> Required work
When checking the entries below, count every line with the word "roll", then give only that number.

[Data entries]
□ □ □

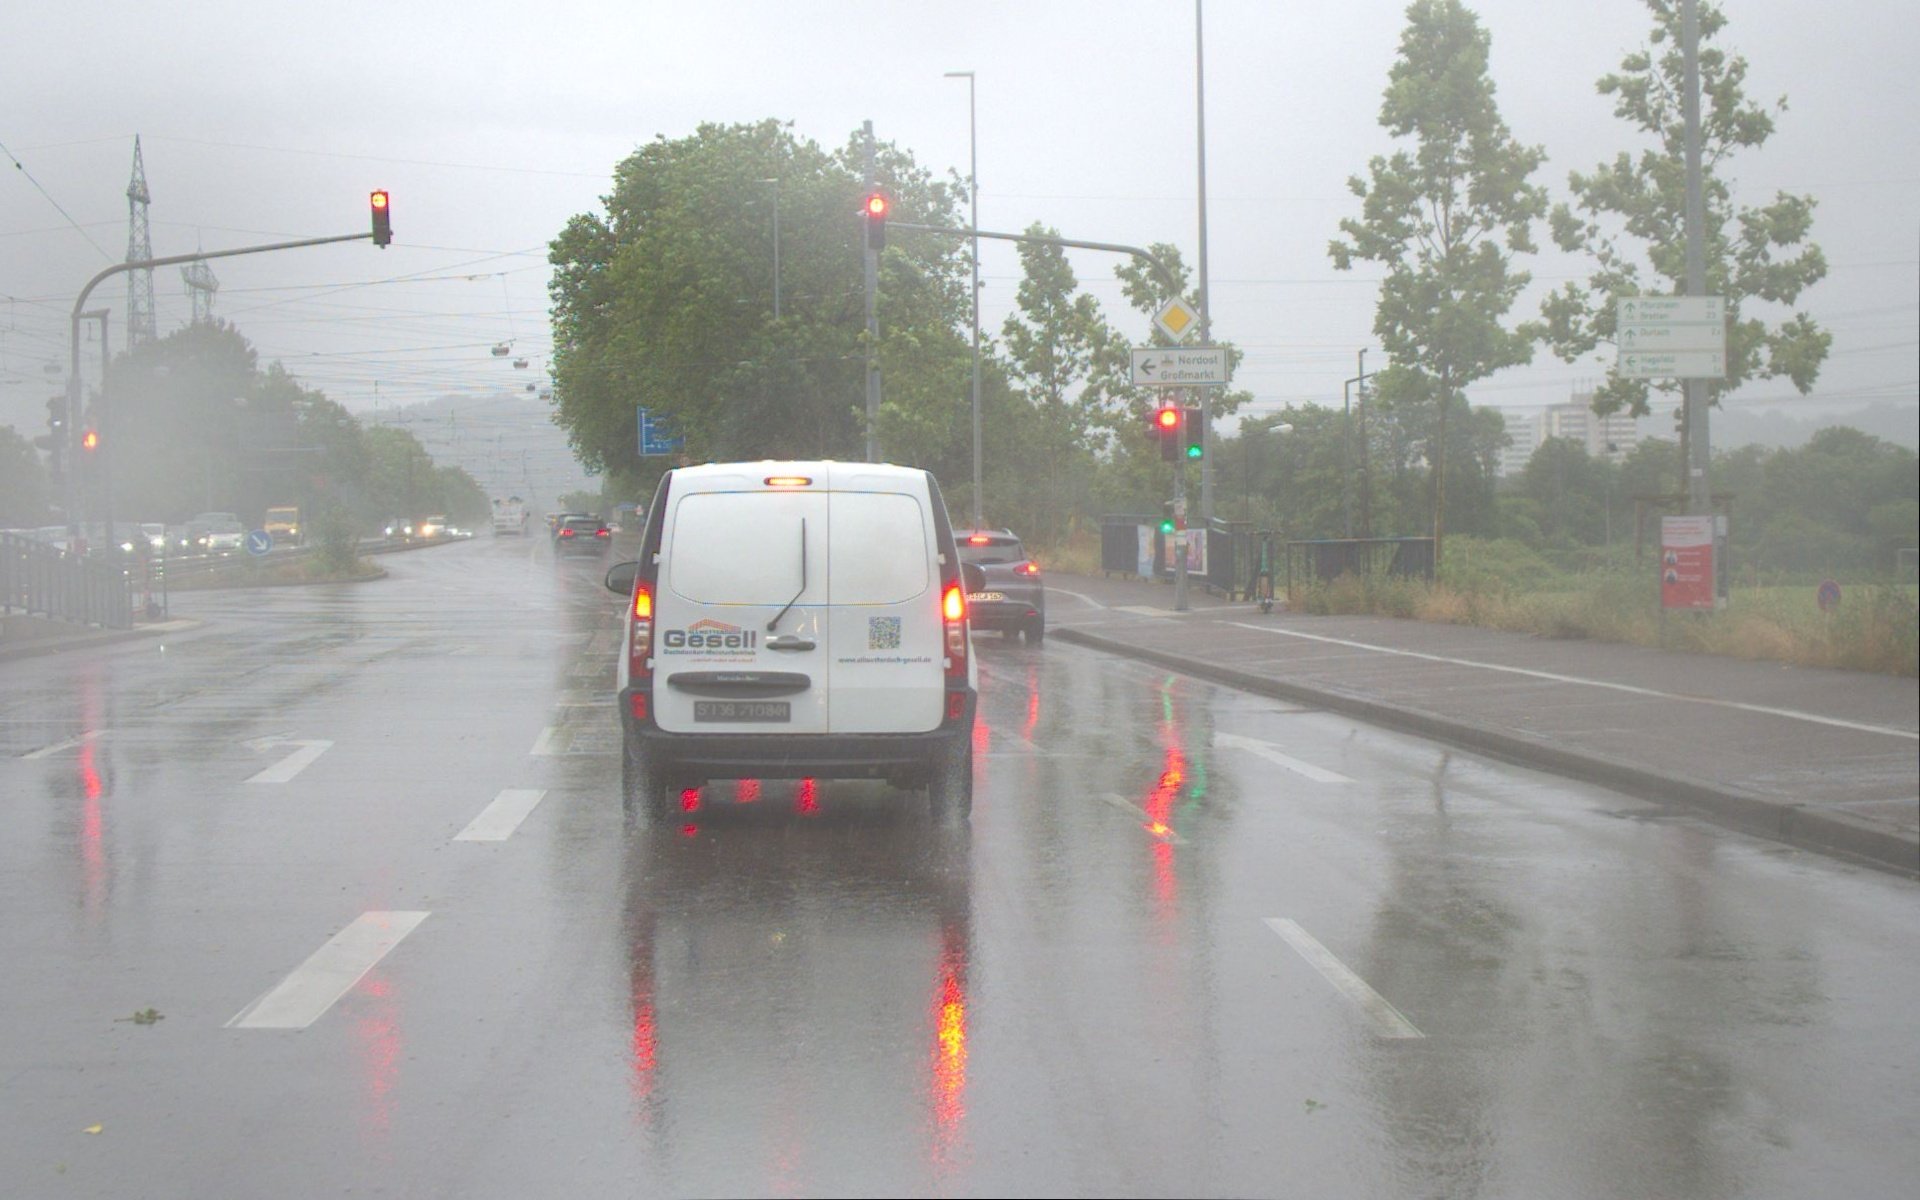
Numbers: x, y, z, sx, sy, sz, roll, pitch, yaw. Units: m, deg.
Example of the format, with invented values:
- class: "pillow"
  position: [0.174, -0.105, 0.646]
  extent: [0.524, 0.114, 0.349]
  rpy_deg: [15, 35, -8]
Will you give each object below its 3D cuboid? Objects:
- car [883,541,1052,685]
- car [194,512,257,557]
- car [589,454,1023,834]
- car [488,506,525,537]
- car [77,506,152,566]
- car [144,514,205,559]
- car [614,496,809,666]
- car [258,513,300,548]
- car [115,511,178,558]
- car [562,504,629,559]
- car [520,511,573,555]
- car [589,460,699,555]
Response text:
- class: "car"
  position: [0.051, 0.127, 44.944]
  extent: [1.993, 1.744, 4.001]
  rpy_deg: [1, 1, -3]
- class: "car"
  position: [-33.302, -2.968, 155.913]
  extent: [1.993, 2.007, 4.000]
  rpy_deg: [1, 1, -1]
- class: "car"
  position: [-0.915, 0.164, 18.340]
  extent: [2.024, 1.769, 4.275]
  rpy_deg: [1, 1, -5]
- class: "car"
  position: [-25.611, -4.436, 194.059]
  extent: [1.993, 1.744, 4.001]
  rpy_deg: [1, 1, -9]
- class: "car"
  position: [-29.116, -2.200, 118.497]
  extent: [1.993, 2.007, 4.001]
  rpy_deg: [1, 1, -6]
- class: "car"
  position: [-36.099, -2.941, 158.070]
  extent: [1.993, 2.007, 4.001]
  rpy_deg: [1, 1, -2]
- class: "car"
  position: [-2.702, -0.240, 37.754]
  extent: [1.993, 1.744, 4.001]
  rpy_deg: [1, 1, -3]
- class: "car"
  position: [-40.311, -4.117, 203.620]
  extent: [1.993, 2.007, 4.001]
  rpy_deg: [1, 1, -5]
- class: "car"
  position: [-35.505, -2.867, 150.133]
  extent: [1.993, 2.007, 4.001]
  rpy_deg: [1, 1, -4]
- class: "car"
  position: [-12.048, -2.270, 113.405]
  extent: [1.993, 1.744, 4.001]
  rpy_deg: [1, 1, -9]
- class: "car"
  position: [-16.957, -2.745, 140.722]
  extent: [1.993, 1.744, 4.001]
  rpy_deg: [1, 1, -9]
- class: "car"
  position: [-6.048, -1.778, 66.199]
  extent: [1.993, 1.744, 4.001]
  rpy_deg: [1, 1, -4]
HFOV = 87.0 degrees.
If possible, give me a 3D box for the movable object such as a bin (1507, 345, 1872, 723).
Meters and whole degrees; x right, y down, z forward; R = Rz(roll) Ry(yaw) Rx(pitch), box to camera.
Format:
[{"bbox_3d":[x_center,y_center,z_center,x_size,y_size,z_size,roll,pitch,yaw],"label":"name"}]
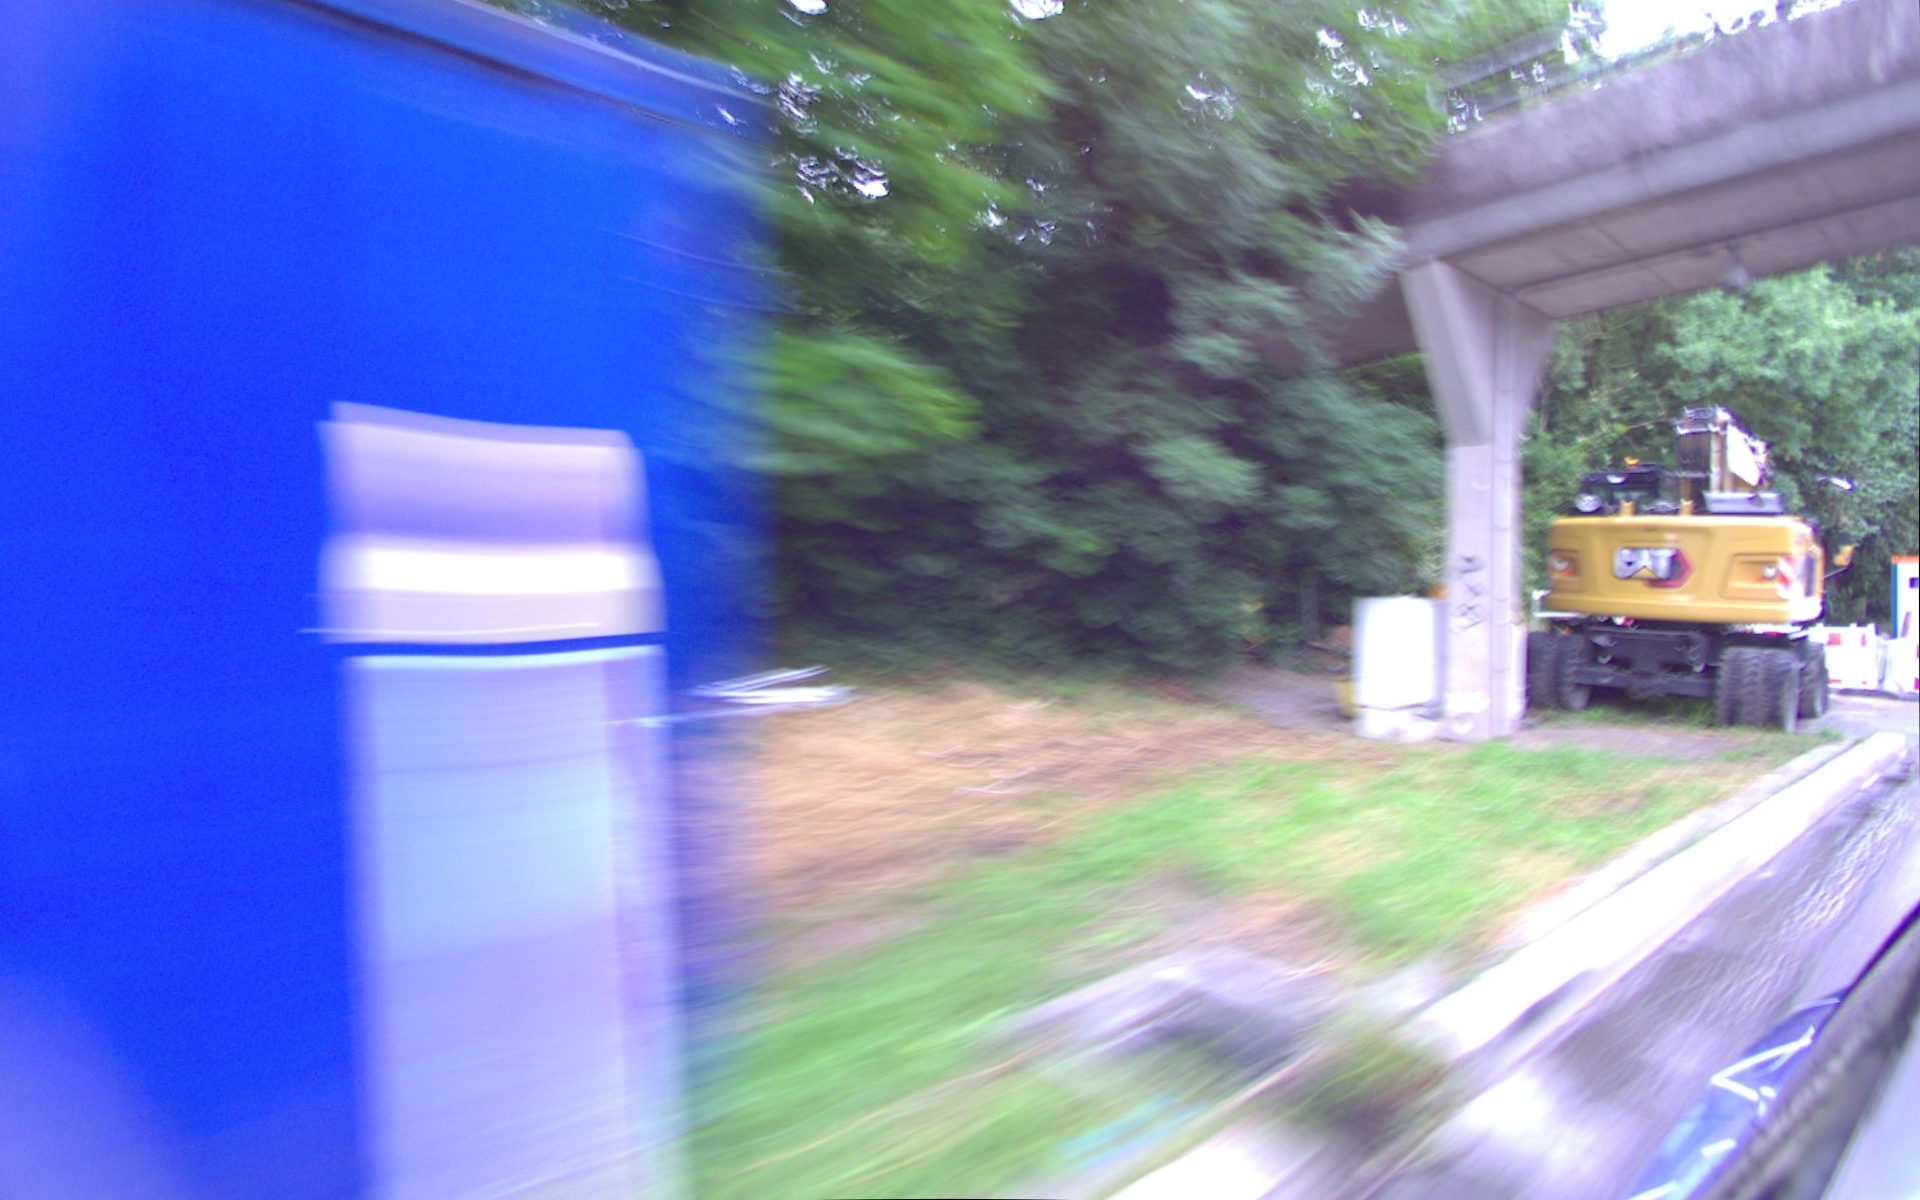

□ □ □

> Exercise output
3